### TASK TO COMPLETE:
Where a line in the data below includes the word "Select", count it. State the total and nothing more.

### INFORMATION:
____

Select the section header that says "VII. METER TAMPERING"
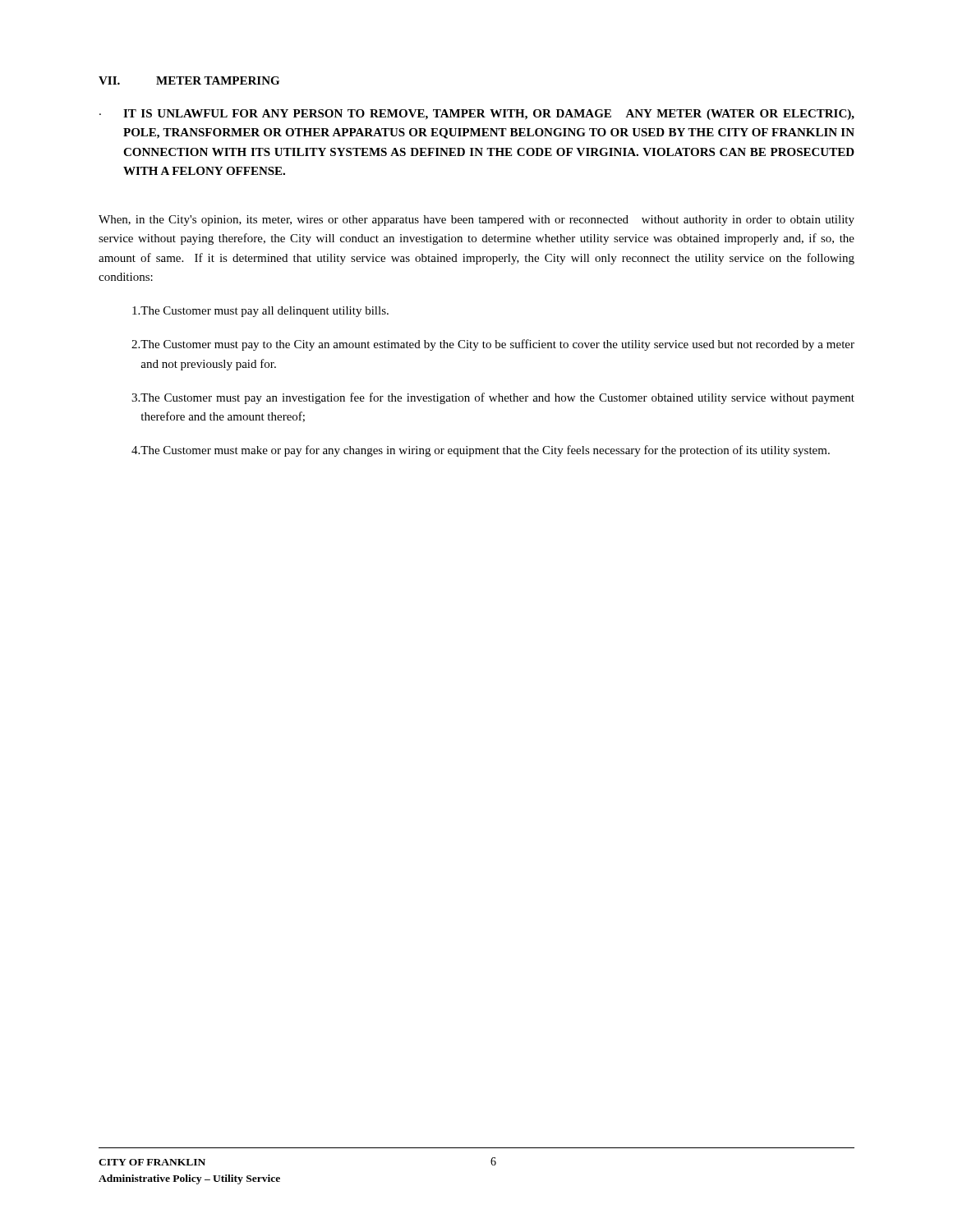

____

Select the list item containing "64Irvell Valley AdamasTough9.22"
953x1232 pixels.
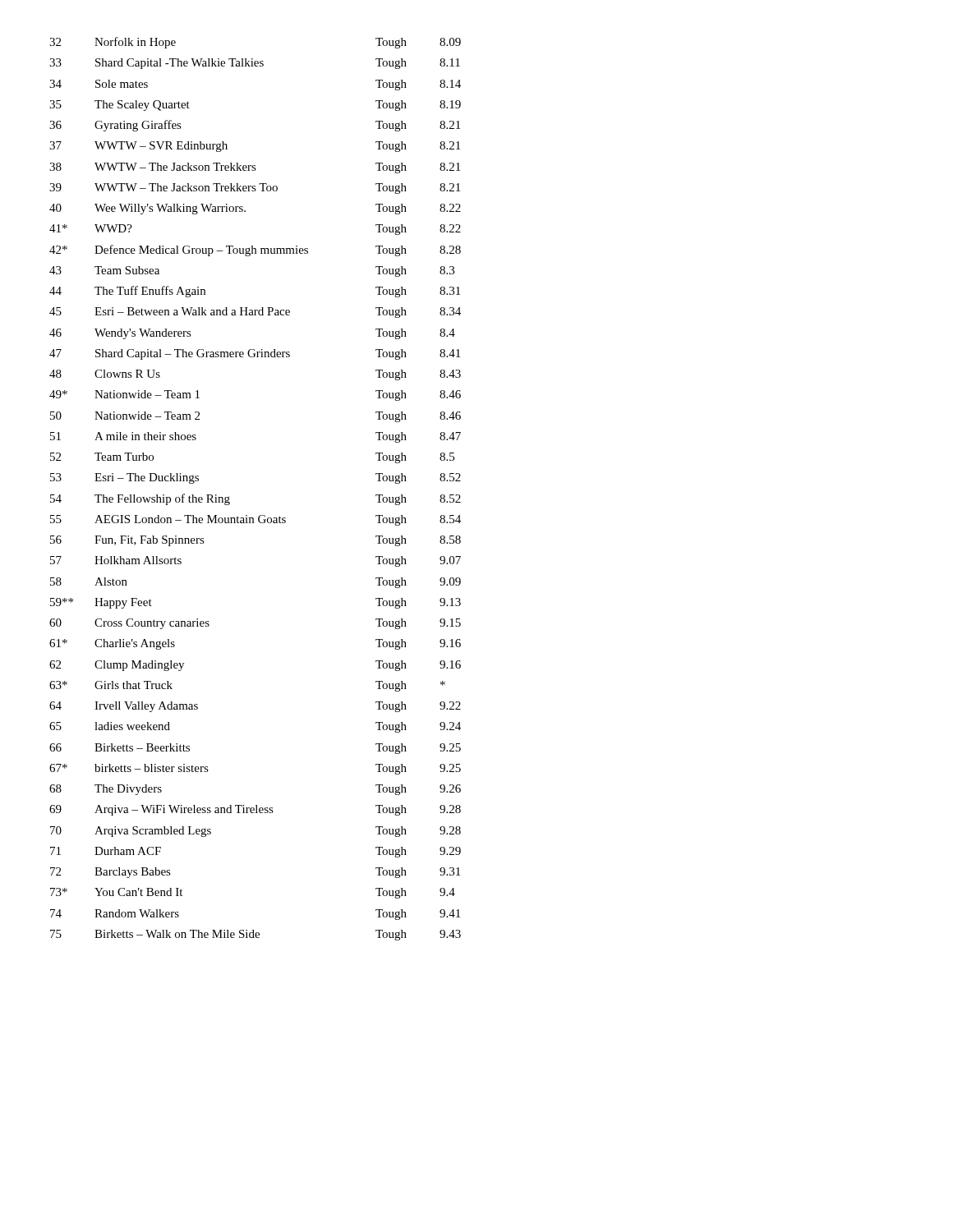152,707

____

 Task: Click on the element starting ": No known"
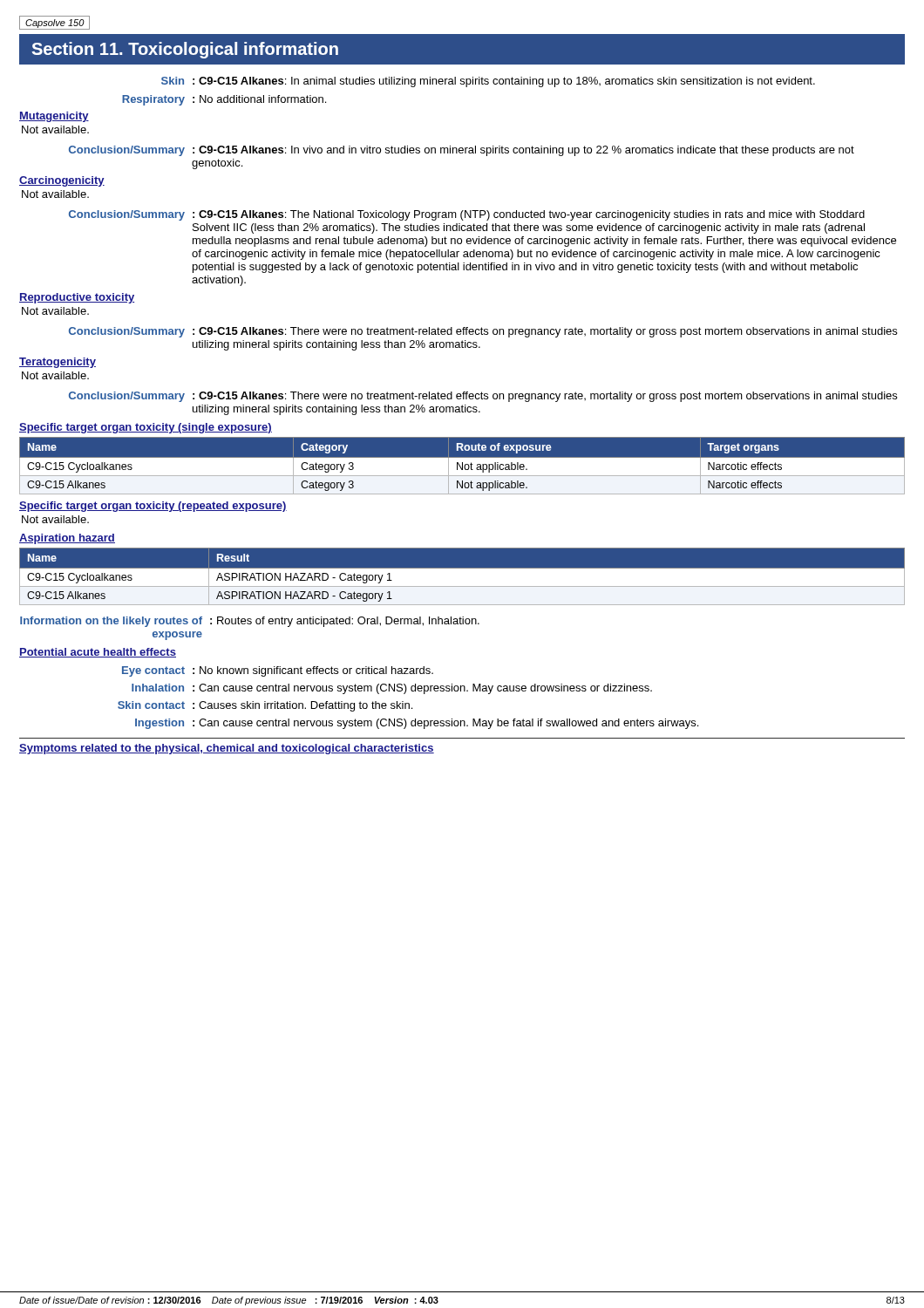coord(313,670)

____

### ANSWER SPACE:
2